Irak Bombe explodiert auf Markt


Die Gewaltspirale im Irak dreht sich immer weiter. Allein in den vergangenen Stunden kamen 40 Menschen ums Leben. Die Sicherheitskräfte sind hilflos.

Täglich neue Opfer im Irak: Bei Anschlägen am Mittwoch sind rund 40 Menschen getötet worden. 24 davon starben, als auf einem belebten Großmarkt im Zentrum Bagdads eine Bombe explodierte. 35 weitere wurden nach Polizeiangaben bei dem Anschlag verletzt. Die Opfer waren Straßenhändler und ihre Kunden.

Im nahe gelegenen Stadtteil Karrada tötete beinahe zeitgleich eine Bombe zwei Menschen und verwundete 21. Mehrere Anschläge in den vergangenen Tagen haben eine relativ ruhige Phase in der Hauptstadt beendet. Vor vier Wochen hatten die Sicherheitskräfte dort eine Offensive begonnen, um die Gewalt einzudämmen.

Im Stadtteil Al-Alwija explodierte eine Autobombe. Wie viele Menschen bei diesem Anschlag getötet wurden, war zunächst noch unklar. In den vergangenen Tagen waren in Bagdad, wo die US-Armee und die irakischen Sicherheitskräfte derzeit verstärkt Razzien durchführen, zahlreiche amerikanische Soldaten getötet worden. Wie die US-Armee mitteilte, starb einer von ihnen am Dienstag bei einer Sprengstoffattacke im Südwesten der Hauptstadt.

Anschläge auch außerhalb Bagdads

In der Stadt Hilla, etwa 100 Kilometer südlich von Bagdad, kamen zudem bei einem Anschlag vor einem Rekrutierungsbüro der irakischen Armee zwölf Menschen ums Leben. 38 wurden verletzt, wie die Polizei berichtete.

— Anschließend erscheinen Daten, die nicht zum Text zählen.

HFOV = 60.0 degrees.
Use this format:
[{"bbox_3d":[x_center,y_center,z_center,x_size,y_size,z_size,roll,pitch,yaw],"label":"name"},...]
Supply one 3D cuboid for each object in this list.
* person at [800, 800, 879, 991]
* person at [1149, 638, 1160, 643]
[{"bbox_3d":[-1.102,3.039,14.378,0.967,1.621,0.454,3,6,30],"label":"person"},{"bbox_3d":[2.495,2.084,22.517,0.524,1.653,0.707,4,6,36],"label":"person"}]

Der Sprengsatz war den Angaben zufolge offenbar an einem abgestellten Fahrrad befestigt gewesen und explodierte am Morgen, als sich eine große Menschenmenge vor dem Armeebüro versammelt hatte. In Hilla wohnen vorwiegend schiitische Moslems, während in der Umgebung zahlreiche Sunniten zu Hause sind. In dem Ort hat es in den vergangenen zwei Jahren einige der schwersten Gewalttaten zwischen den Religionsgruppen gegeben.

Im weiter südlich gelegenen Samawa starb einem Augenzeugen zufolge ein Mensch bei einer Straßenschlacht mit der Polizei. Fünf weitere Männer wurden verletzt, als Polizisten eine Menschenmenge vor dem Sitz des Gouverneurs auseinander treiben wollten. Zahlreiche Männer hatten sich auf Grund einer Zeitungsanzeige versammelt, um sich als Armeerekruten zu bewerben. Als sie auf das Wochenende vertröstet werden sollten, begannen sie zu protestieren. Dem Zeugen zufolge feuerten die Polizisten zunächst Warnschüsse in die Luft und schossen dann in die Menge. Auch drei Polizisten wurden verletzt.